「続日本紀」に登場の古代山城「茨城」の推定地 福山市加茂の住民が案内掲示板設置

案内掲示板の完成を喜ぶ瀬良さん㊥と粟木原さん㊨たち

 広島県福山市加茂町の広瀬交流館前に、「続日本紀」に登場する約1300年前の古代山城「茨城」の推定地の案内掲示板が完成した。福山市などの郷土史愛好家でつくる備陽史探訪の会による推定地の発表以降、県内外の古代山城の愛好家が相次ぎ来訪していることを受け地域住民が寄贈した。

 掲示板は縦90センチ、横3メートル。同町芋原地区にある1周約3キロの遺構推定地の地図と、住民たちに「芋原の大スキ跡」と呼ばれてきた土塁が、同会と古代山城研究会(東京)の昨春の合同調査で「茨城」の可能性が高いと確認したとの説明文を載せる。

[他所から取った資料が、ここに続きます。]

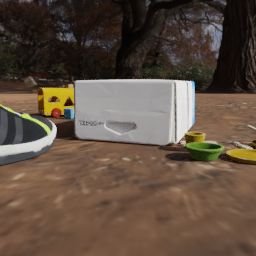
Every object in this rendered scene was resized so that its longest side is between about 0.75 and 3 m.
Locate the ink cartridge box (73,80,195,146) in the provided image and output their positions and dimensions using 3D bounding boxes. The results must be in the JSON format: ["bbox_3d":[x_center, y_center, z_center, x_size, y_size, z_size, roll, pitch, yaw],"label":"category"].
[{"bbox_3d":[0.342,-0.494,6.357,2.053,1.186,2.812,3,9,18],"label":"ink cartridge box"}]

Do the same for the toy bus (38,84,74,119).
[{"bbox_3d":[-2.177,-1.007,10.135,2.055,1.125,2.178,2,9,14],"label":"toy bus"}]

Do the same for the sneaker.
[{"bbox_3d":[-1.959,-0.133,3.766,1.058,1.222,2.951,3,9,18],"label":"sneaker"}]

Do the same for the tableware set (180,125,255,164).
[{"bbox_3d":[1.978,0.222,4.420,2.270,0.348,1.529,1,9,2],"label":"tableware set"}]
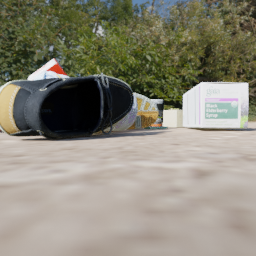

町内の先納博之さん(93)が寄付した犂(すき)も飾った。

 3月末にあった除幕式で、広瀬学区まちづくり推進委員会の瀬良繁實(しげみ)会長代行(82)が「来訪者の利便性向上のため案内表示が必要だった。多くの方の協力で完成した」と感謝した。

 案内板を寄贈した加茂町広瀬地区活性化推進委員会の粟木原明人名誉会長(82)は「今後、新たな発見があれば掲示を追加する。茨城を含む地域の史跡ツアーなどで、訪れる人を増やしたい」と話した。